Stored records
........
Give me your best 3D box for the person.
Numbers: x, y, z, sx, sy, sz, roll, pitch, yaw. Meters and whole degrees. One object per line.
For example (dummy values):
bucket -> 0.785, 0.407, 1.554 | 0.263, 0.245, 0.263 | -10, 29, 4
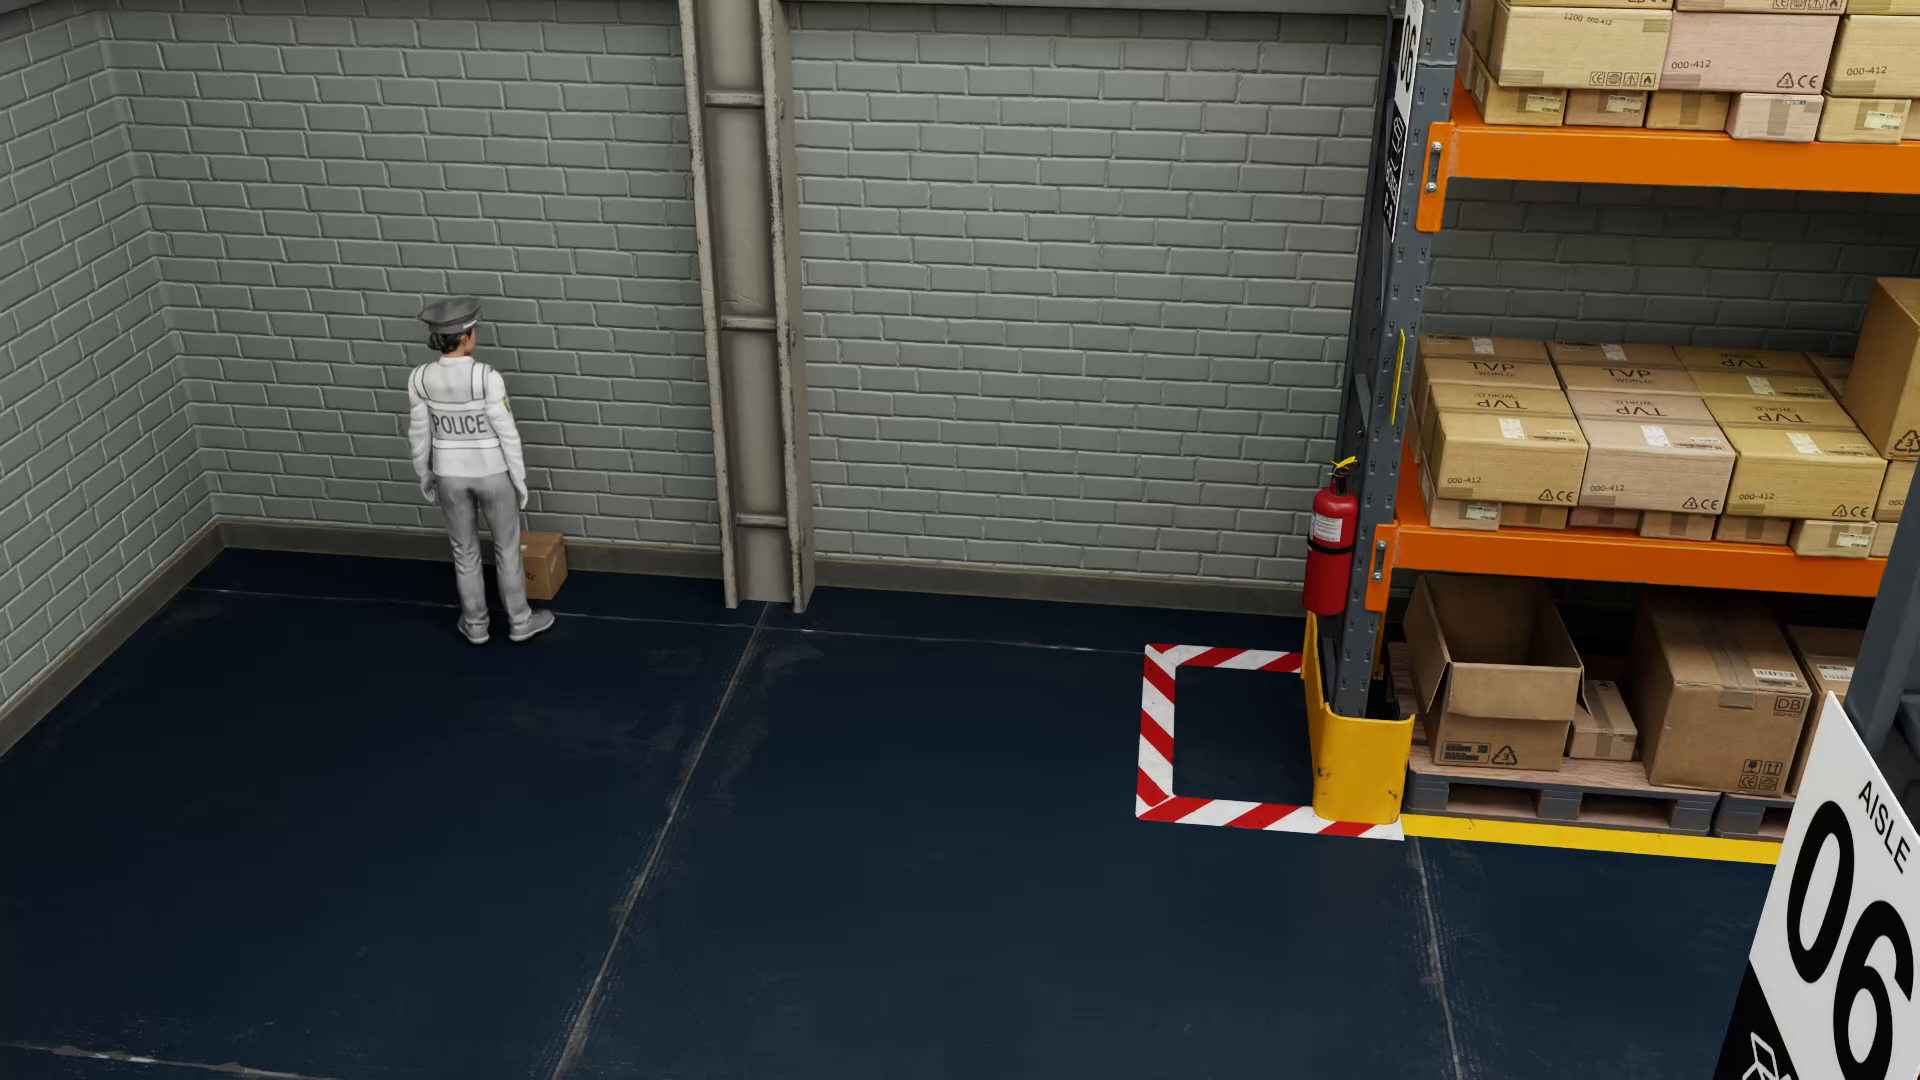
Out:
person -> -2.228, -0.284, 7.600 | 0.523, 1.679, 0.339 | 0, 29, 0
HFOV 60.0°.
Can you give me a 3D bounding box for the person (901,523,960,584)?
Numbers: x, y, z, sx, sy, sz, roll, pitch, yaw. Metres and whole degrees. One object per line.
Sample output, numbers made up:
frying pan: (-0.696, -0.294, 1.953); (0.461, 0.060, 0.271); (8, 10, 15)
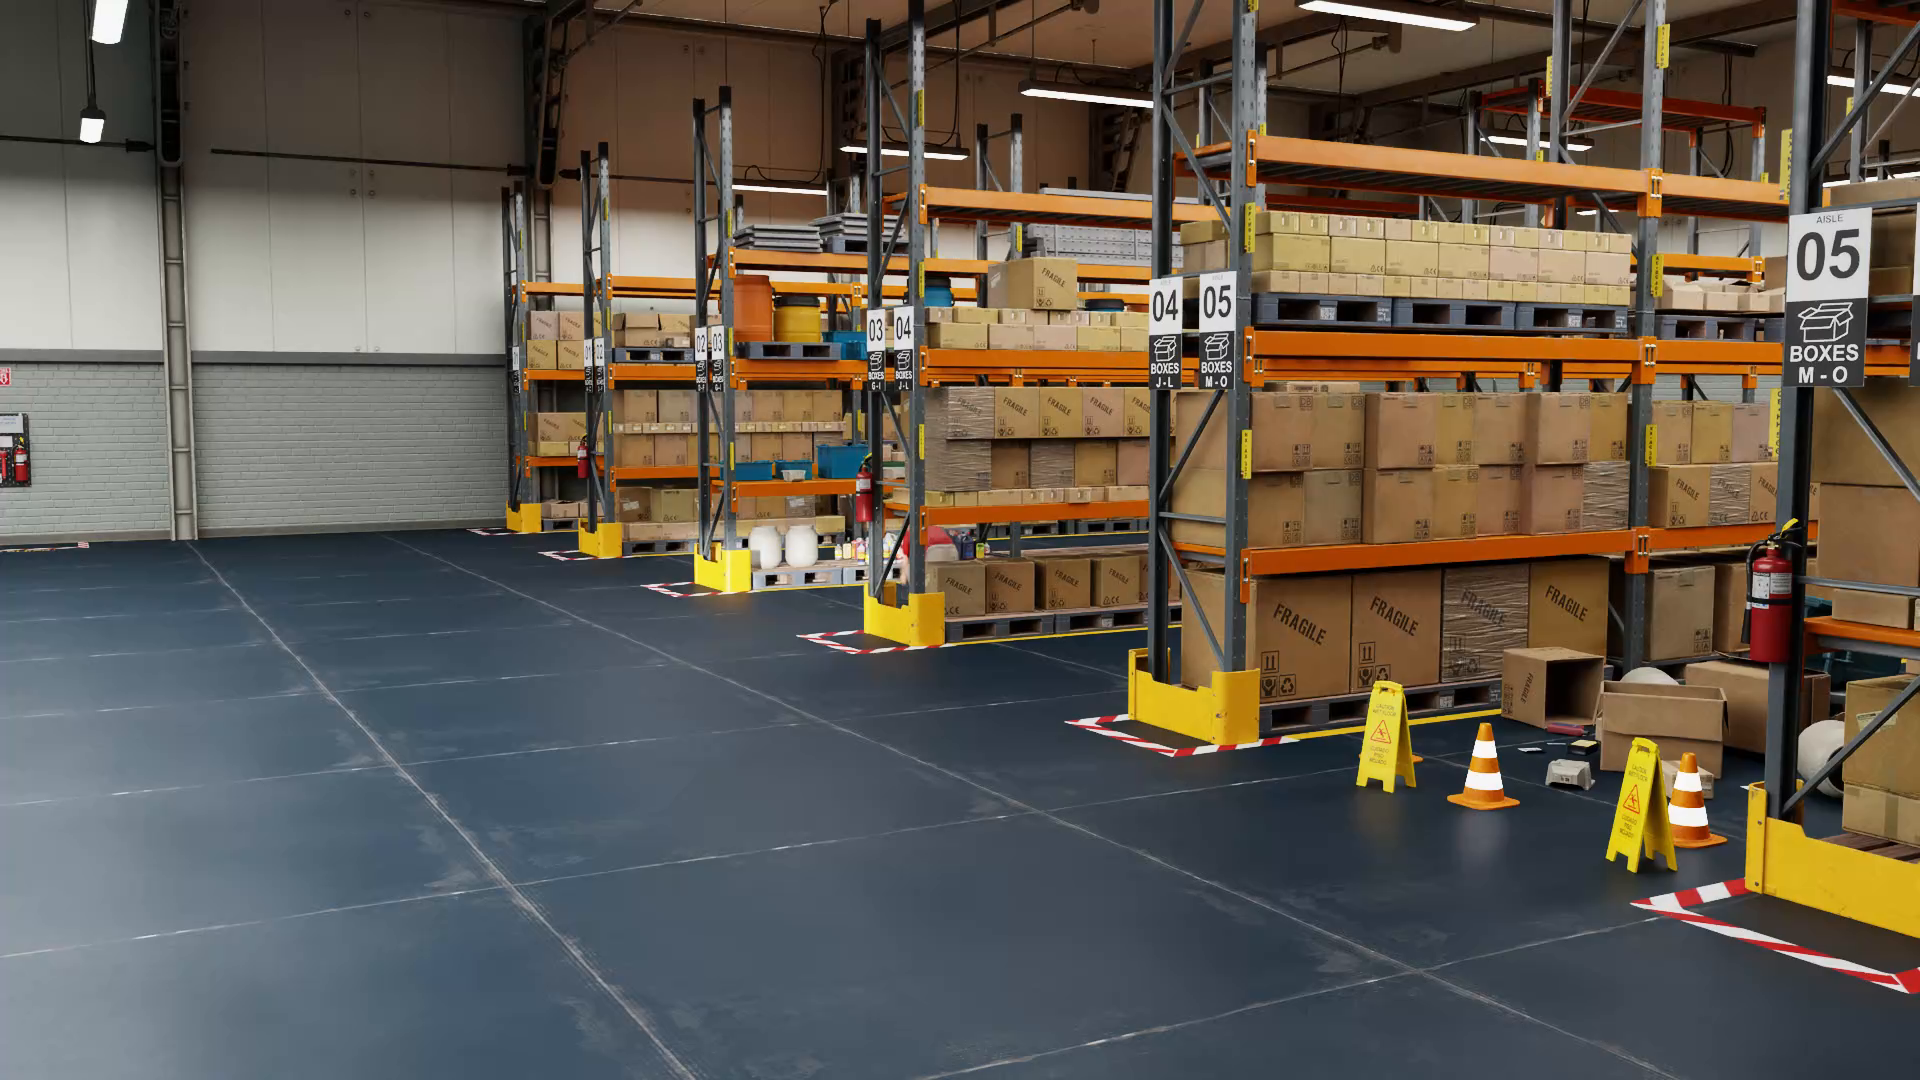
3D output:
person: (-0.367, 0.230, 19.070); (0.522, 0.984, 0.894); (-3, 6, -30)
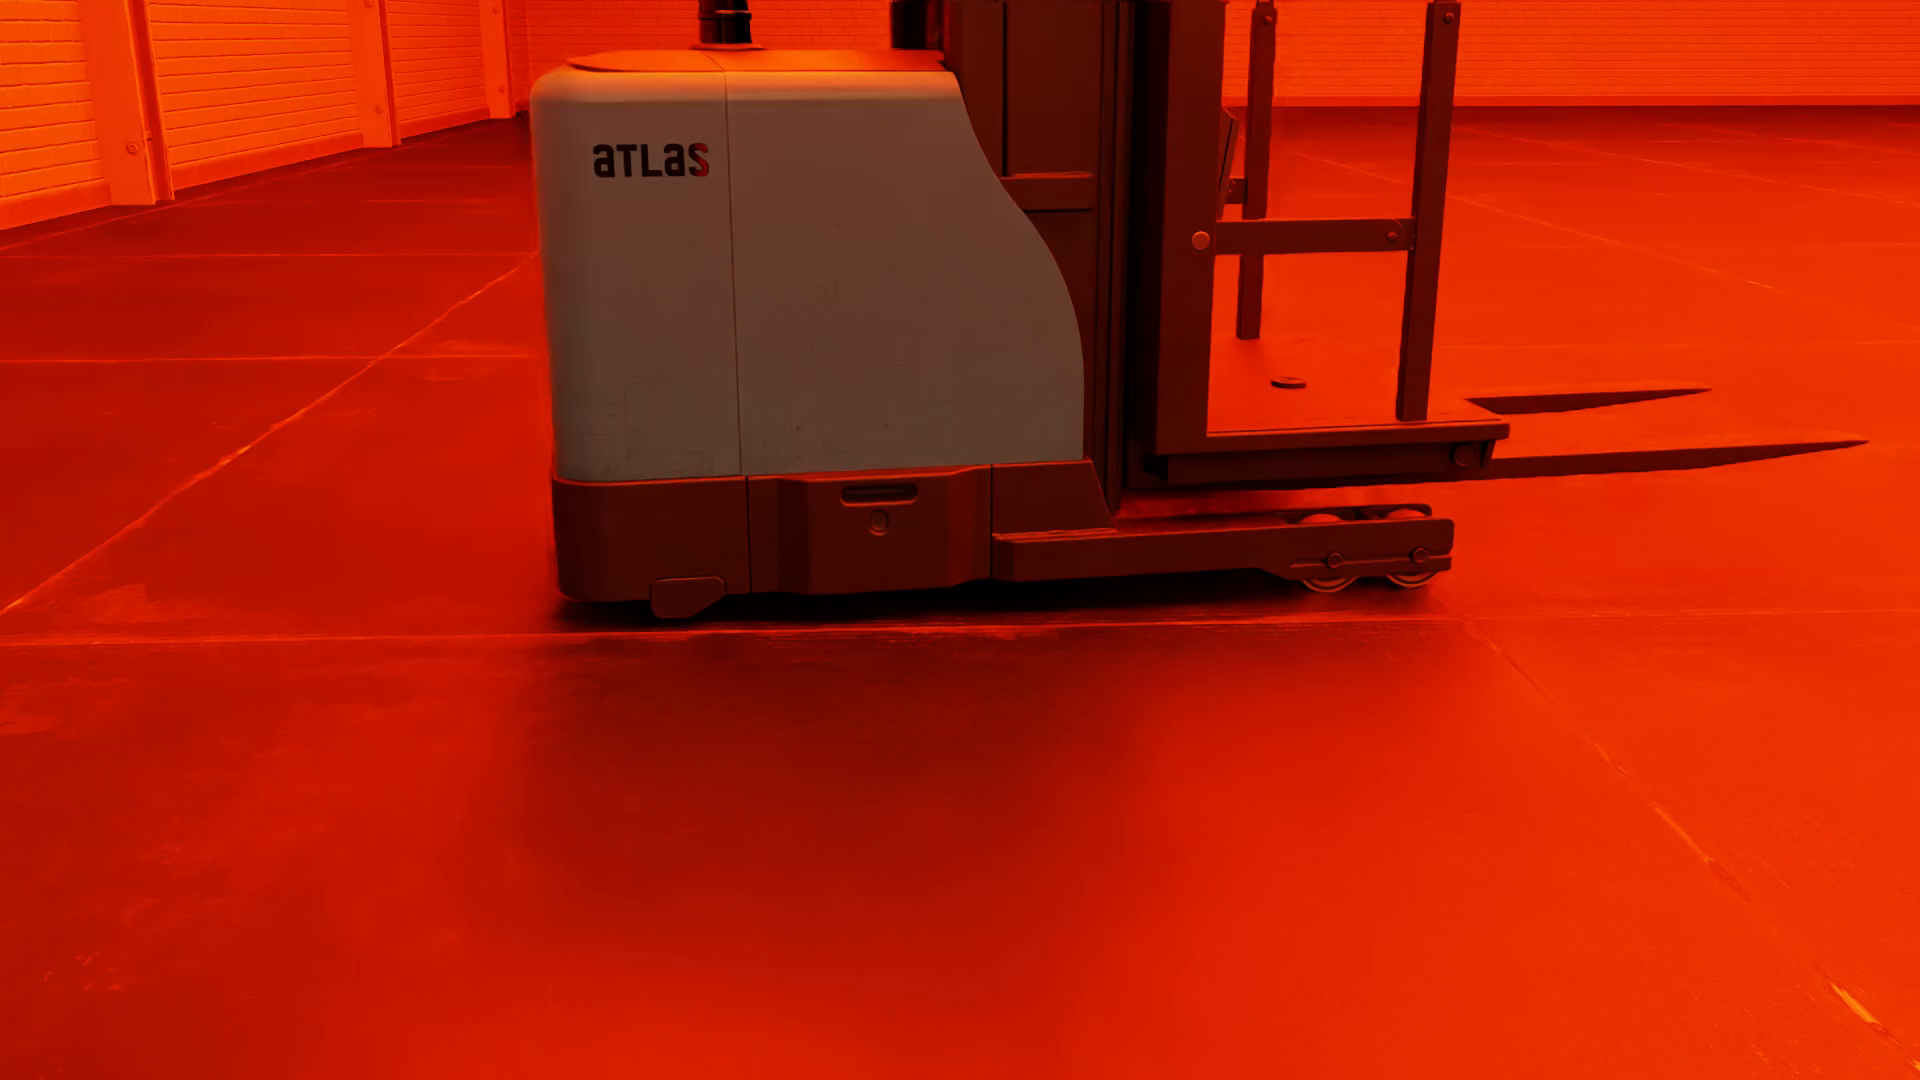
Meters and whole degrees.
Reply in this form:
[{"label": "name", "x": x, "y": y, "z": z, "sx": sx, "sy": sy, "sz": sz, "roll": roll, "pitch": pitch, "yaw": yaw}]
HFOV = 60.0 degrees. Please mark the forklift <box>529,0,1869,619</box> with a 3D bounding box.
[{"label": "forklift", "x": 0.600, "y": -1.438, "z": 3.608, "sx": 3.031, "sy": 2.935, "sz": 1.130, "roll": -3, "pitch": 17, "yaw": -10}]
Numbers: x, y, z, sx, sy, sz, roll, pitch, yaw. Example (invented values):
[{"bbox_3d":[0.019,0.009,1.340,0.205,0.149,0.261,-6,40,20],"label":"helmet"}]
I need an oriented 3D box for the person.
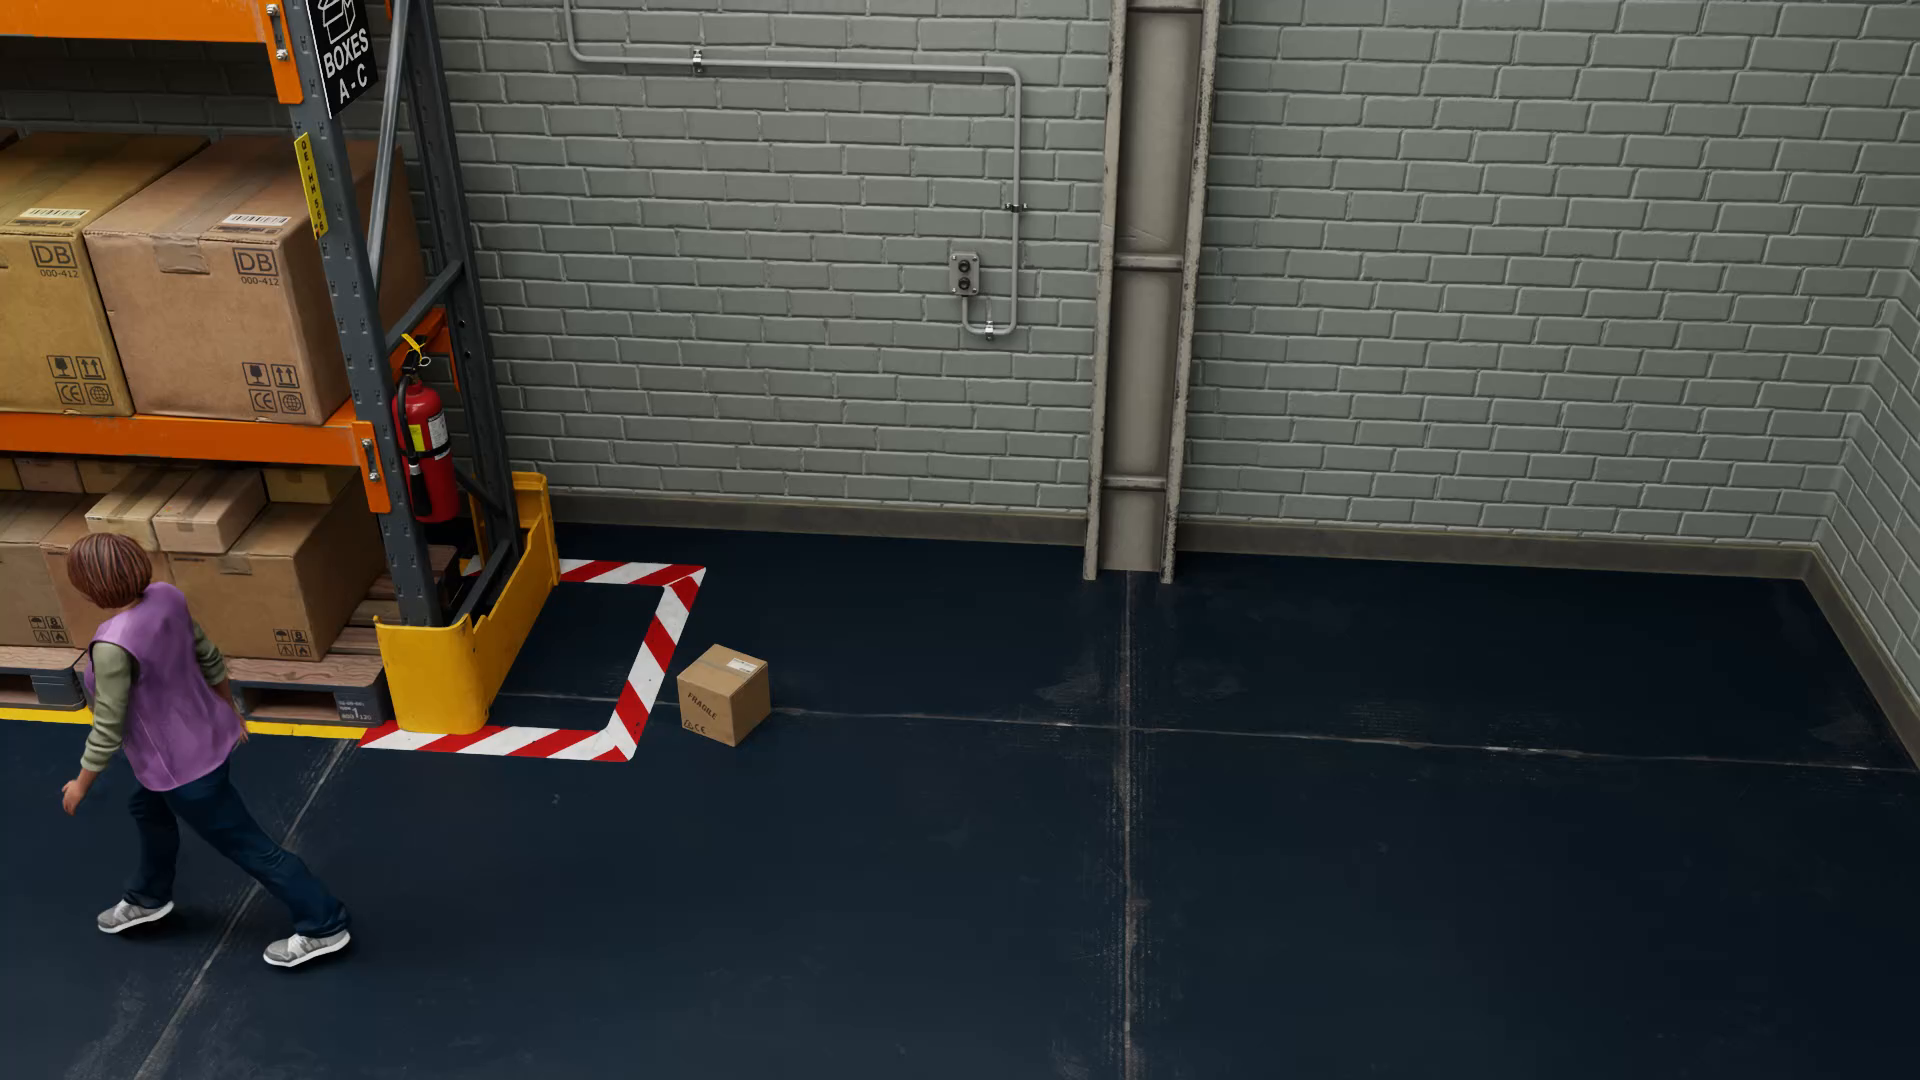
........
## To do:
In the entries above, find each line that includes the string "Meters" and copy it.

## Completed exercise:
Numbers: x, y, z, sx, sy, sz, roll, pitch, yaw. Meters and whole degrees. One object per line.
Meters and whole degrees.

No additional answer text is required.